The film has echoes of Daphne du Maurier’s 1938 Gothic novel Rebecca, in which an unnamed young woman is swept off to a remote English estate after a rapid courtship and marriage to a wealthy, much older widower. There, she finds herself unbalanced not just by the unfamiliar setting but also by the immense fear of not measuring up to her late predecessor. Edith and Lucille’s dynamic mirrors that of the young woman’s fragile naïveté contrasted against the cruel, dominating streak of the housekeeper, Mrs. Danvers.

Mismarketed as a horror movie, Crimson Peak is an overlooked Gothic Romance masterpiece.

Legendary/Universal/Kobal/Shutterstock

Crimson Peak also frequently calls to mind Charlotte Brontë’s 1847 romance novel Jane Eyre. Orphaned, albeit at different ages, the protagonists of both see ghosts as children — Jane, her uncle, and Edith, her late mother. At Thornfield Hall, Jane is unsettled by strange screams from the estate, much like Edith, rattled by Allerdale Hall’s strange whispers and groans. In both Crimson Peak and Jane Eyre, however, reality is infinitely more horrific than imagined or supernatural terrors. Both Thomas and Edward Rochester — who Jane falls in love with — are already ‘taken’ men, despite their declarations of affection for these women. Jane discovers that Rochester had his first wife chained in the attic after she began displaying signs of mental illness. In Crimson Peak, the madwoman is no longer locked away in the house, she’s running it. The ghosts turn out to be Edith’s allies, attempting to warn her.

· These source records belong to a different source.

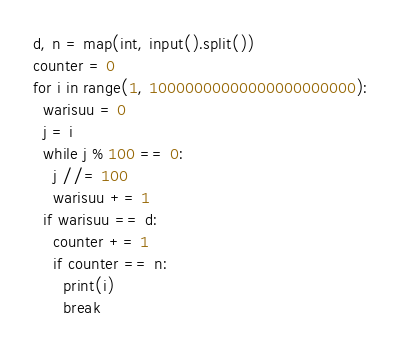Convert code to text. <code><loc_0><loc_0><loc_500><loc_500><_Python_>d, n = map(int, input().split())
counter = 0
for i in range(1, 10000000000000000000000):
  warisuu = 0
  j = i
  while j % 100 == 0:
    j //= 100
    warisuu += 1
  if warisuu == d:
    counter += 1
    if counter == n:
      print(i)
      break
</code> 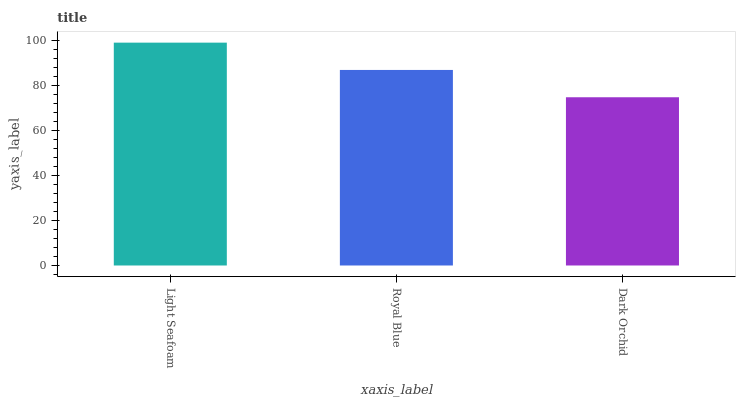Is Royal Blue the minimum?
Answer yes or no. No. Is Royal Blue the maximum?
Answer yes or no. No. Is Light Seafoam greater than Royal Blue?
Answer yes or no. Yes. Is Royal Blue less than Light Seafoam?
Answer yes or no. Yes. Is Royal Blue greater than Light Seafoam?
Answer yes or no. No. Is Light Seafoam less than Royal Blue?
Answer yes or no. No. Is Royal Blue the high median?
Answer yes or no. Yes. Is Royal Blue the low median?
Answer yes or no. Yes. Is Dark Orchid the high median?
Answer yes or no. No. Is Light Seafoam the low median?
Answer yes or no. No. 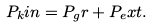Convert formula to latex. <formula><loc_0><loc_0><loc_500><loc_500>P _ { k } i n = P _ { g } r + P _ { e } x t .</formula> 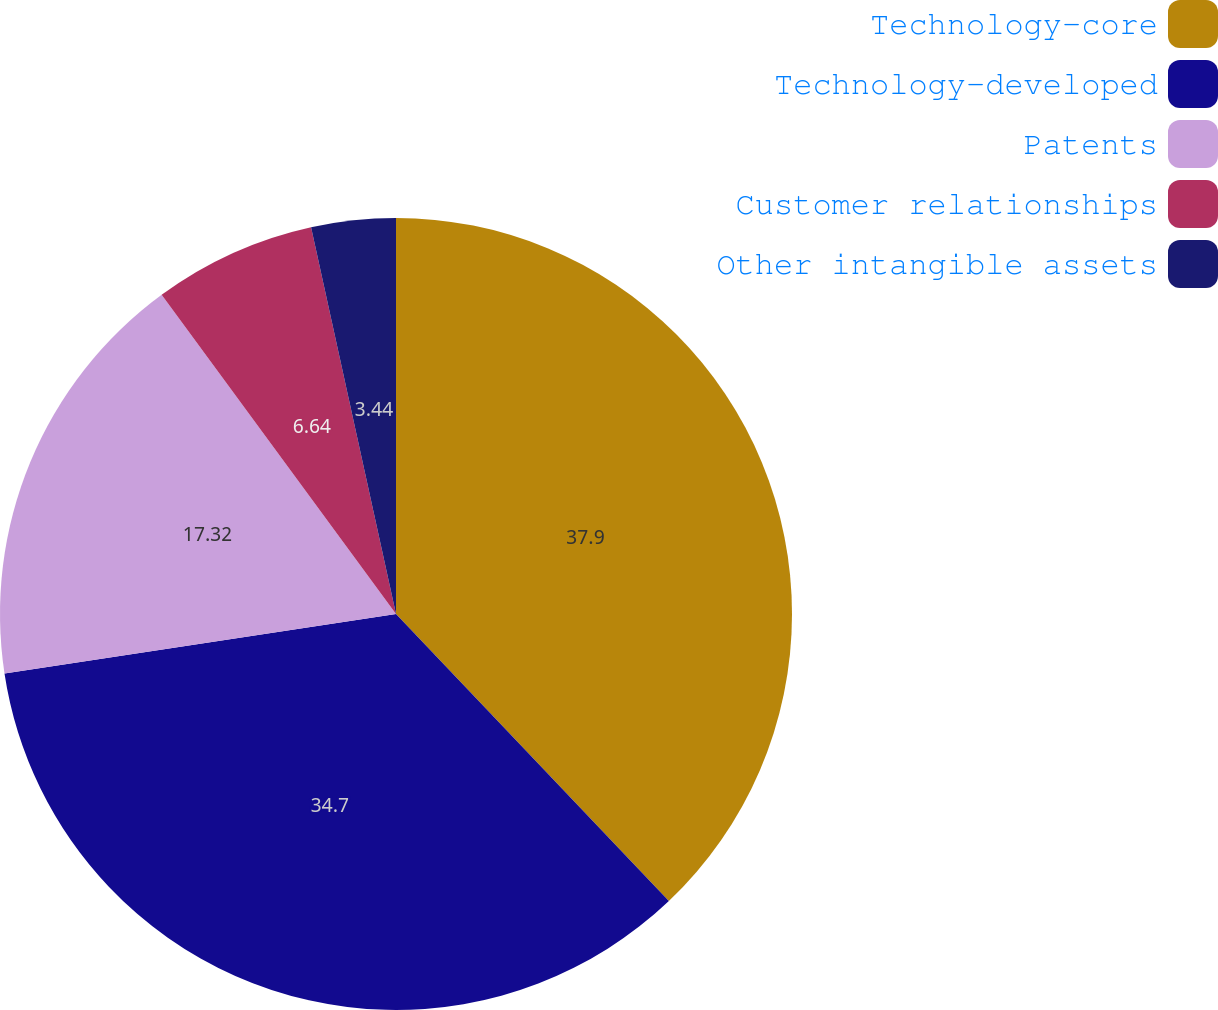Convert chart. <chart><loc_0><loc_0><loc_500><loc_500><pie_chart><fcel>Technology-core<fcel>Technology-developed<fcel>Patents<fcel>Customer relationships<fcel>Other intangible assets<nl><fcel>37.9%<fcel>34.7%<fcel>17.32%<fcel>6.64%<fcel>3.44%<nl></chart> 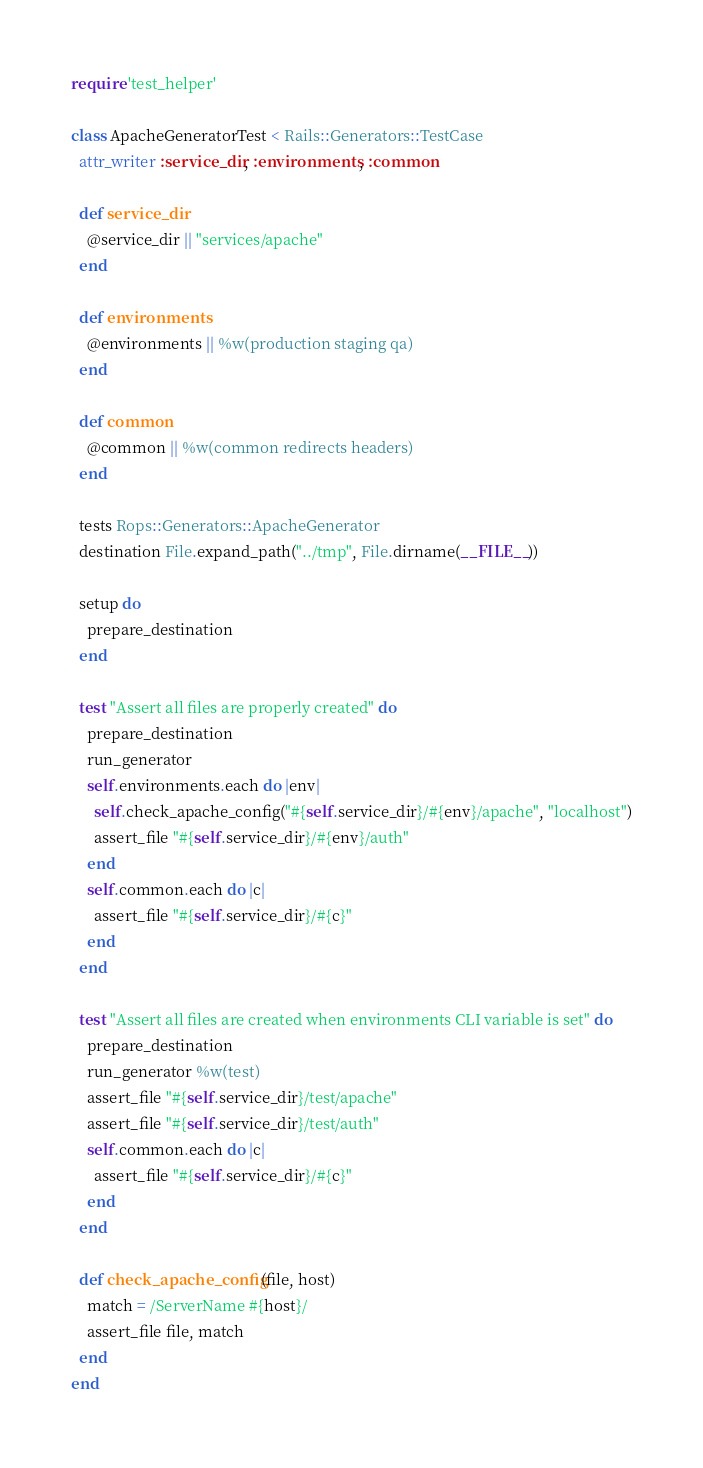Convert code to text. <code><loc_0><loc_0><loc_500><loc_500><_Ruby_>require 'test_helper'

class ApacheGeneratorTest < Rails::Generators::TestCase
  attr_writer :service_dir, :environments, :common

  def service_dir
    @service_dir || "services/apache"
  end

  def environments
    @environments || %w(production staging qa)
  end

  def common
    @common || %w(common redirects headers)
  end

  tests Rops::Generators::ApacheGenerator
  destination File.expand_path("../tmp", File.dirname(__FILE__))

  setup do
    prepare_destination
  end

  test "Assert all files are properly created" do
    prepare_destination
    run_generator
    self.environments.each do |env|
      self.check_apache_config("#{self.service_dir}/#{env}/apache", "localhost")
      assert_file "#{self.service_dir}/#{env}/auth"
    end
    self.common.each do |c|
      assert_file "#{self.service_dir}/#{c}"
    end
  end

  test "Assert all files are created when environments CLI variable is set" do
    prepare_destination
    run_generator %w(test)
    assert_file "#{self.service_dir}/test/apache"
    assert_file "#{self.service_dir}/test/auth"
    self.common.each do |c|
      assert_file "#{self.service_dir}/#{c}"
    end
  end

  def check_apache_config(file, host)
    match = /ServerName #{host}/
    assert_file file, match
  end
end
</code> 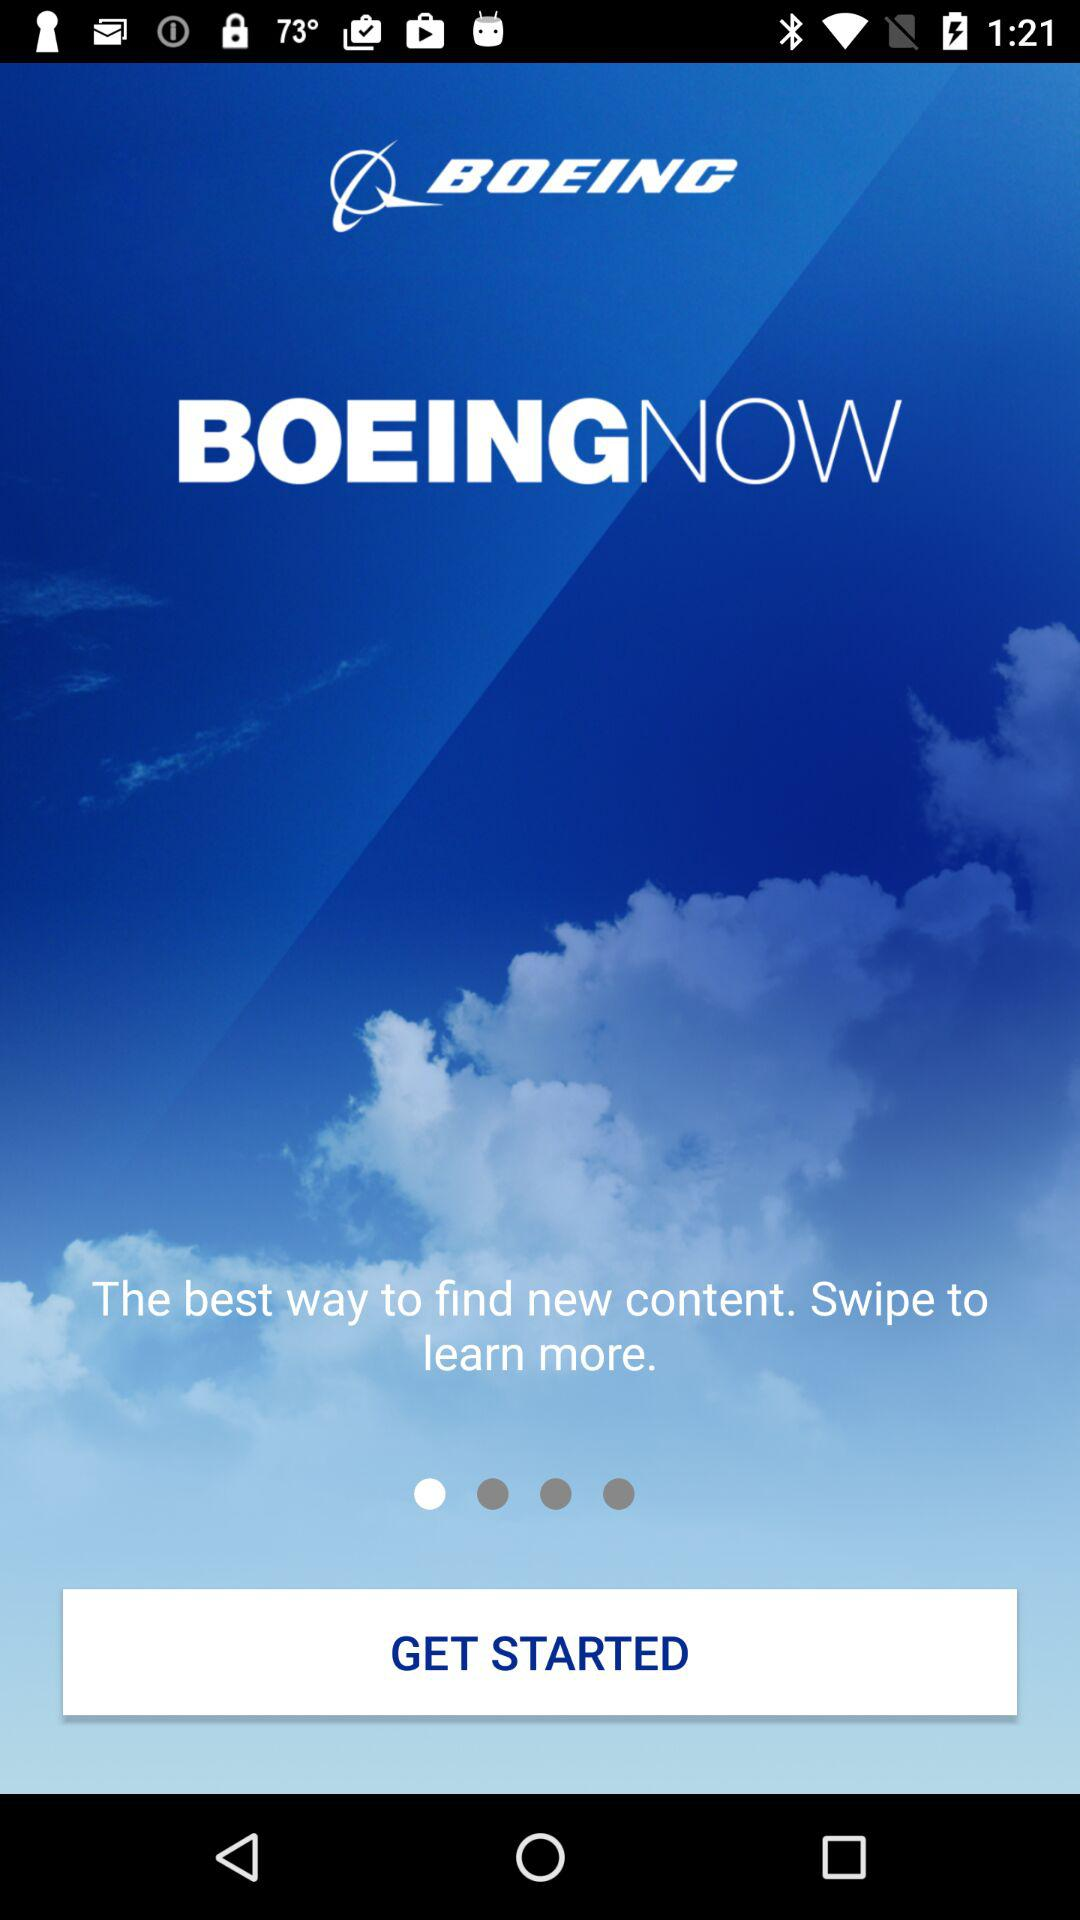What is the application name? The application name is "BOEING NOW".

For all its spectral figures, this is a film that’s thrillingly alive. Strikingly shot by cinematographer Dan Laustsen, Allerdale Hall’s mines of red clay seep into the surrounding snow like pooling blood. A slow-accumulating tension is punctuated by bursts of bloodshed. And there’s a swooning, if ultimately doomed romance.

“It’s not [a ghost story]. It’s more a story with a ghost in it,” says Edith early on. She’s speaking of the story she’s writing, but this could well have been del Toro telling audiences what to expect upfront. A week before its release, the director even took to Twitter to issue a reminder: Crimson Peak: not a horror film. A Gothic Romance.

A decade on, unencumbered by the baggage of its marketing, there’s no better time to surrender to its spell.